Information given START
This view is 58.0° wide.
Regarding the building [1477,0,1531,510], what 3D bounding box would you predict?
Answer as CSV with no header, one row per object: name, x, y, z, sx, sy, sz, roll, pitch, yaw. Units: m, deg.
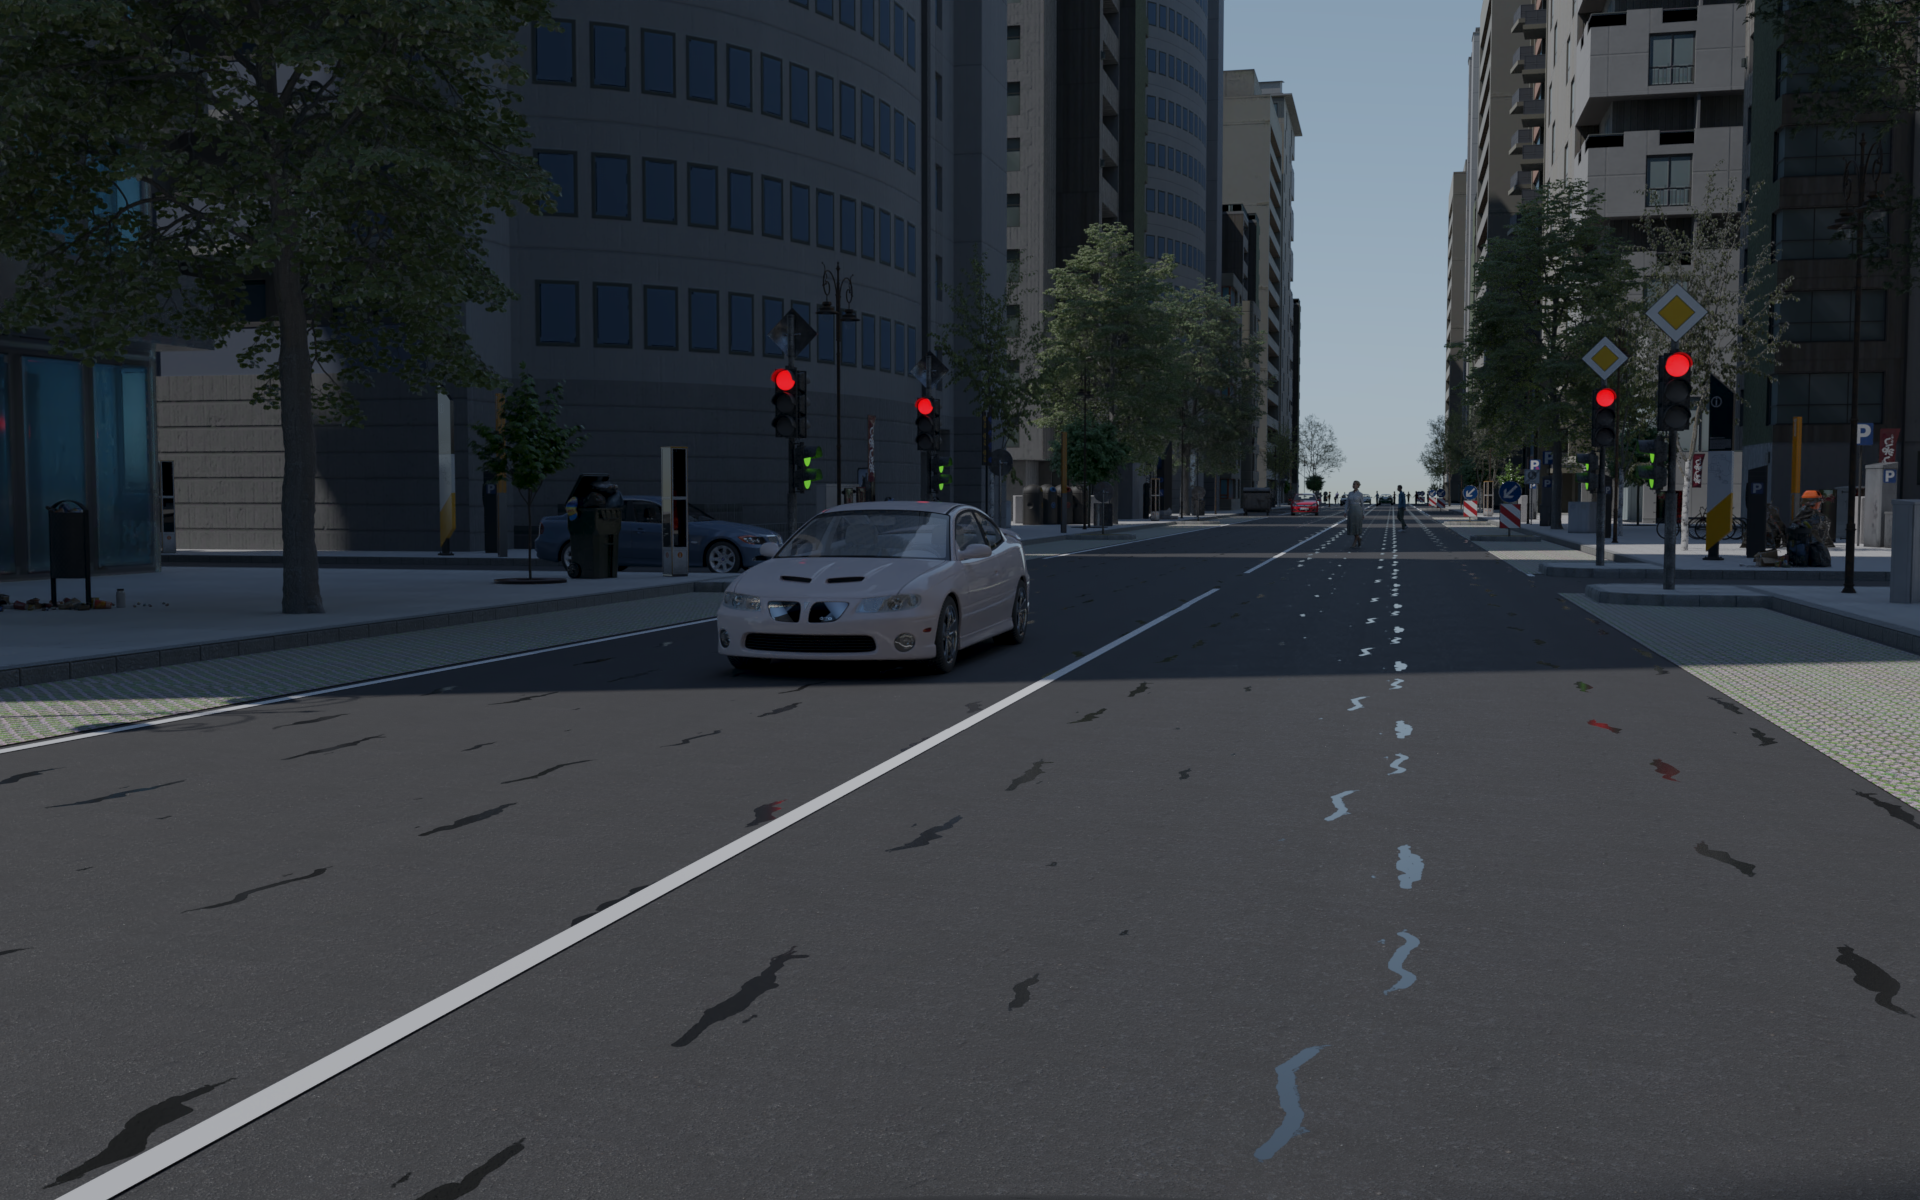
building,55.441,-32.015,147.152,21.300,48.544,21.600,1,4,14

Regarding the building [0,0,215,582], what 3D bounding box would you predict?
building,-27.777,-24.536,20.772,30.456,49.044,23.786,1,4,14

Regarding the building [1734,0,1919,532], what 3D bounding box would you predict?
building,33.657,-17.504,57.886,14.160,30.474,14.107,1,4,14

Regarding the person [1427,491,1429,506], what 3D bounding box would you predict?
person,54.994,-11.921,203.413,0.705,1.824,1.348,0,4,5

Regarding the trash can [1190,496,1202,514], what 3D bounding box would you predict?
trash can,14.442,-5.758,105.797,0.748,1.137,0.748,0,3,0

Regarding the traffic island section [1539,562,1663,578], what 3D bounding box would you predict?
traffic island section,11.490,-0.536,31.037,2.009,0.180,2.903,1,4,14

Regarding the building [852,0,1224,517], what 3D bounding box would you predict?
building,6.858,-35.568,123.533,21.231,58.520,28.212,1,4,14

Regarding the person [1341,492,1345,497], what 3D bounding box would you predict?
person,55.101,-14.619,248.309,1.217,1.735,0.721,-1,4,-12

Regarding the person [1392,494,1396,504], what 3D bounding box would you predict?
person,64.765,-15.218,258.003,1.217,1.739,0.721,2,4,26

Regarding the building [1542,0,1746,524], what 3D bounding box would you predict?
building,44.157,-30.342,85.334,28.713,52.752,27.495,1,4,14

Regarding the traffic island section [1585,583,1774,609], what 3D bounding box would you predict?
traffic island section,9.554,-0.062,23.289,2.009,0.180,2.903,1,4,14

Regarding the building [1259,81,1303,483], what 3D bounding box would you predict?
building,29.683,-39.087,228.313,28.713,52.752,27.495,1,4,14

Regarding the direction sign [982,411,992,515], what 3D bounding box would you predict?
direction sign,0.736,-3.410,47.752,0.379,3.537,0.876,1,4,17

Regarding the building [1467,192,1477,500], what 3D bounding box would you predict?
building,56.143,-24.110,165.895,14.160,30.474,14.107,1,4,14

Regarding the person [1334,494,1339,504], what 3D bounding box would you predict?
person,52.417,-14.037,241.239,0.697,1.427,0.421,1,4,22

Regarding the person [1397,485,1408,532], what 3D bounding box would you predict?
person,16.865,-3.497,66.018,0.444,1.785,0.601,1,4,15

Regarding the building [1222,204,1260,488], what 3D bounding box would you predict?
building,22.149,-24.515,172.528,14.160,30.474,14.107,1,4,14

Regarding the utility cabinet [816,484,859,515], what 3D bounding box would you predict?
utility cabinet,-2.707,-1.811,38.287,0.318,1.500,1.173,2,4,35

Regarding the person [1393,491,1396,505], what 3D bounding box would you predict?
person,59.274,-13.946,236.484,0.705,1.831,1.348,0,4,6

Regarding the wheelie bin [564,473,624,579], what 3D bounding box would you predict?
wheelie bin,-5.544,-1.132,26.420,0.693,1.594,0.980,2,4,30

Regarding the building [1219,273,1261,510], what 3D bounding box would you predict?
building,11.411,-18.830,152.904,27.650,21.520,28.899,1,4,14

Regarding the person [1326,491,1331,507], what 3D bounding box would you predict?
person,40.920,-11.187,192.226,0.721,1.723,1.217,2,4,29

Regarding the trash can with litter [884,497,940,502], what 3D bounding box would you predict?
trash can with litter,-0.941,-2.208,47.160,1.678,1.210,2.233,2,4,24

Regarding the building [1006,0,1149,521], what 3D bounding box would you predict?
building,1.434,-19.261,86.620,14.160,30.474,14.107,1,4,14

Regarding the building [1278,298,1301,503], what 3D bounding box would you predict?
building,41.102,-29.104,247.549,14.160,30.474,14.107,1,4,14

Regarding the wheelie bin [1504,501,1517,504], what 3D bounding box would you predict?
wheelie bin,32.813,-5.824,103.134,0.980,1.594,0.693,-3,5,-44

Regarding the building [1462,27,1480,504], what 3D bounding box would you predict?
building,74.660,-41.382,218.586,21.231,58.520,28.212,1,4,14

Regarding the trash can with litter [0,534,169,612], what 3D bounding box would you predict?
trash can with litter,-10.286,-0.522,19.591,2.233,1.210,1.678,1,4,19

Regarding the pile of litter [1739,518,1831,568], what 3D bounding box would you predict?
pile of litter,14.608,-1.018,30.610,1.719,0.858,1.176,0,4,3

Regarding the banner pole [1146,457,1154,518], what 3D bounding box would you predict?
banner pole,10.272,-6.335,93.586,0.863,3.779,0.401,-3,4,-36

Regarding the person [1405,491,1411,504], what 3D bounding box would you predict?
person,64.564,-14.728,249.400,0.705,1.812,1.348,-2,4,-29

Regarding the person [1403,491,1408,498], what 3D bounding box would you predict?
person,60.296,-13.879,235.437,1.348,1.822,0.705,3,5,43

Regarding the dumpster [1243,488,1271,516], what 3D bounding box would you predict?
dumpster,19.669,-6.517,114.760,1.865,1.857,1.264,1,4,14

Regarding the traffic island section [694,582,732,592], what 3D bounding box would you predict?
traffic island section,-2.565,-0.246,26.310,2.009,0.180,2.903,1,4,14

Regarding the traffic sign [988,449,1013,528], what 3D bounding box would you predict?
traffic sign,1.120,-2.970,48.668,0.768,2.556,0.104,1,4,23

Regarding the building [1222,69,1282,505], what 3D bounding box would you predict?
building,26.199,-35.473,203.687,21.300,48.544,21.600,1,4,14

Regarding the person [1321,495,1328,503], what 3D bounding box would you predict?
person,50.608,-14.150,239.942,1.348,1.812,0.705,3,5,41

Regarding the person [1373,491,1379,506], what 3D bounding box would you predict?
person,48.726,-11.863,202.451,0.705,1.826,1.348,3,5,40

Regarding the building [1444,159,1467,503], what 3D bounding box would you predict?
building,79.915,-37.950,244.186,21.300,48.544,21.600,1,4,14

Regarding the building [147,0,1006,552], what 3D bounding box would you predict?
building,-11.852,-31.151,51.319,21.231,58.520,28.212,1,4,14

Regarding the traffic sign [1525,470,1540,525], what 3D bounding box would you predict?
traffic sign,23.672,-4.256,71.718,0.606,2.300,0.079,1,4,15

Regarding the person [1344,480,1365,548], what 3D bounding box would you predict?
person,10.574,-2.295,46.250,0.641,1.798,0.478,-3,5,-42

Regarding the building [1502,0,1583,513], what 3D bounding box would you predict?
building,50.623,-28.603,122.276,22.147,44.769,28.867,1,4,14

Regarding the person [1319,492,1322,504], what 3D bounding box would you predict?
person,48.453,-13.670,232.669,0.621,1.740,0.551,-1,4,-17

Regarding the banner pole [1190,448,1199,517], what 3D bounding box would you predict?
banner pole,12.923,-6.444,95.370,0.401,3.779,0.863,-2,4,-31

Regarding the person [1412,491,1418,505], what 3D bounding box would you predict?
person,55.061,-12.278,209.205,0.705,1.831,1.348,3,5,42

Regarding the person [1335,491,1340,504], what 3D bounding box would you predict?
person,56.981,-15.474,261.371,0.709,1.838,0.599,2,4,34
Information given END
### Work required
Should the entries hold any pictures, please omit those and print the remaining text exactly.

### Output
This view is 58.0° wide.
Regarding the building [1477,0,1531,510], what 3D bounding box would you predict?
Answer as CSV with no header, one row per object: name, x, y, z, sx, sy, sz, roll, pitch, yaw. Units: m, deg.
building,55.441,-32.015,147.152,21.300,48.544,21.600,1,4,14

Regarding the building [0,0,215,582], what 3D bounding box would you predict?
building,-27.777,-24.536,20.772,30.456,49.044,23.786,1,4,14

Regarding the building [1734,0,1919,532], what 3D bounding box would you predict?
building,33.657,-17.504,57.886,14.160,30.474,14.107,1,4,14

Regarding the person [1427,491,1429,506], what 3D bounding box would you predict?
person,54.994,-11.921,203.413,0.705,1.824,1.348,0,4,5

Regarding the trash can [1190,496,1202,514], what 3D bounding box would you predict?
trash can,14.442,-5.758,105.797,0.748,1.137,0.748,0,3,0

Regarding the traffic island section [1539,562,1663,578], what 3D bounding box would you predict?
traffic island section,11.490,-0.536,31.037,2.009,0.180,2.903,1,4,14

Regarding the building [852,0,1224,517], what 3D bounding box would you predict?
building,6.858,-35.568,123.533,21.231,58.520,28.212,1,4,14

Regarding the person [1341,492,1345,497], what 3D bounding box would you predict?
person,55.101,-14.619,248.309,1.217,1.735,0.721,-1,4,-12

Regarding the person [1392,494,1396,504], what 3D bounding box would you predict?
person,64.765,-15.218,258.003,1.217,1.739,0.721,2,4,26

Regarding the building [1542,0,1746,524], what 3D bounding box would you predict?
building,44.157,-30.342,85.334,28.713,52.752,27.495,1,4,14

Regarding the traffic island section [1585,583,1774,609], what 3D bounding box would you predict?
traffic island section,9.554,-0.062,23.289,2.009,0.180,2.903,1,4,14

Regarding the building [1259,81,1303,483], what 3D bounding box would you predict?
building,29.683,-39.087,228.313,28.713,52.752,27.495,1,4,14

Regarding the direction sign [982,411,992,515], what 3D bounding box would you predict?
direction sign,0.736,-3.410,47.752,0.379,3.537,0.876,1,4,17

Regarding the building [1467,192,1477,500], what 3D bounding box would you predict?
building,56.143,-24.110,165.895,14.160,30.474,14.107,1,4,14

Regarding the person [1334,494,1339,504], what 3D bounding box would you predict?
person,52.417,-14.037,241.239,0.697,1.427,0.421,1,4,22

Regarding the person [1397,485,1408,532], what 3D bounding box would you predict?
person,16.865,-3.497,66.018,0.444,1.785,0.601,1,4,15

Regarding the building [1222,204,1260,488], what 3D bounding box would you predict?
building,22.149,-24.515,172.528,14.160,30.474,14.107,1,4,14

Regarding the utility cabinet [816,484,859,515], what 3D bounding box would you predict?
utility cabinet,-2.707,-1.811,38.287,0.318,1.500,1.173,2,4,35

Regarding the person [1393,491,1396,505], what 3D bounding box would you predict?
person,59.274,-13.946,236.484,0.705,1.831,1.348,0,4,6

Regarding the wheelie bin [564,473,624,579], what 3D bounding box would you predict?
wheelie bin,-5.544,-1.132,26.420,0.693,1.594,0.980,2,4,30

Regarding the building [1219,273,1261,510], what 3D bounding box would you predict?
building,11.411,-18.830,152.904,27.650,21.520,28.899,1,4,14

Regarding the person [1326,491,1331,507], what 3D bounding box would you predict?
person,40.920,-11.187,192.226,0.721,1.723,1.217,2,4,29

Regarding the trash can with litter [884,497,940,502], what 3D bounding box would you predict?
trash can with litter,-0.941,-2.208,47.160,1.678,1.210,2.233,2,4,24

Regarding the building [1006,0,1149,521], what 3D bounding box would you predict?
building,1.434,-19.261,86.620,14.160,30.474,14.107,1,4,14

Regarding the building [1278,298,1301,503], what 3D bounding box would you predict?
building,41.102,-29.104,247.549,14.160,30.474,14.107,1,4,14

Regarding the wheelie bin [1504,501,1517,504], what 3D bounding box would you predict?
wheelie bin,32.813,-5.824,103.134,0.980,1.594,0.693,-3,5,-44

Regarding the building [1462,27,1480,504], what 3D bounding box would you predict?
building,74.660,-41.382,218.586,21.231,58.520,28.212,1,4,14

Regarding the trash can with litter [0,534,169,612], what 3D bounding box would you predict?
trash can with litter,-10.286,-0.522,19.591,2.233,1.210,1.678,1,4,19

Regarding the pile of litter [1739,518,1831,568], what 3D bounding box would you predict?
pile of litter,14.608,-1.018,30.610,1.719,0.858,1.176,0,4,3

Regarding the banner pole [1146,457,1154,518], what 3D bounding box would you predict?
banner pole,10.272,-6.335,93.586,0.863,3.779,0.401,-3,4,-36

Regarding the person [1405,491,1411,504], what 3D bounding box would you predict?
person,64.564,-14.728,249.400,0.705,1.812,1.348,-2,4,-29

Regarding the person [1403,491,1408,498], what 3D bounding box would you predict?
person,60.296,-13.879,235.437,1.348,1.822,0.705,3,5,43

Regarding the dumpster [1243,488,1271,516], what 3D bounding box would you predict?
dumpster,19.669,-6.517,114.760,1.865,1.857,1.264,1,4,14

Regarding the traffic island section [694,582,732,592], what 3D bounding box would you predict?
traffic island section,-2.565,-0.246,26.310,2.009,0.180,2.903,1,4,14

Regarding the traffic sign [988,449,1013,528], what 3D bounding box would you predict?
traffic sign,1.120,-2.970,48.668,0.768,2.556,0.104,1,4,23

Regarding the building [1222,69,1282,505], what 3D bounding box would you predict?
building,26.199,-35.473,203.687,21.300,48.544,21.600,1,4,14

Regarding the person [1321,495,1328,503], what 3D bounding box would you predict?
person,50.608,-14.150,239.942,1.348,1.812,0.705,3,5,41

Regarding the person [1373,491,1379,506], what 3D bounding box would you predict?
person,48.726,-11.863,202.451,0.705,1.826,1.348,3,5,40

Regarding the building [1444,159,1467,503], what 3D bounding box would you predict?
building,79.915,-37.950,244.186,21.300,48.544,21.600,1,4,14

Regarding the building [147,0,1006,552], what 3D bounding box would you predict?
building,-11.852,-31.151,51.319,21.231,58.520,28.212,1,4,14

Regarding the traffic sign [1525,470,1540,525], what 3D bounding box would you predict?
traffic sign,23.672,-4.256,71.718,0.606,2.300,0.079,1,4,15

Regarding the person [1344,480,1365,548], what 3D bounding box would you predict?
person,10.574,-2.295,46.250,0.641,1.798,0.478,-3,5,-42

Regarding the building [1502,0,1583,513], what 3D bounding box would you predict?
building,50.623,-28.603,122.276,22.147,44.769,28.867,1,4,14

Regarding the person [1319,492,1322,504], what 3D bounding box would you predict?
person,48.453,-13.670,232.669,0.621,1.740,0.551,-1,4,-17

Regarding the banner pole [1190,448,1199,517], what 3D bounding box would you predict?
banner pole,12.923,-6.444,95.370,0.401,3.779,0.863,-2,4,-31

Regarding the person [1412,491,1418,505], what 3D bounding box would you predict?
person,55.061,-12.278,209.205,0.705,1.831,1.348,3,5,42

Regarding the person [1335,491,1340,504], what 3D bounding box would you predict?
person,56.981,-15.474,261.371,0.709,1.838,0.599,2,4,34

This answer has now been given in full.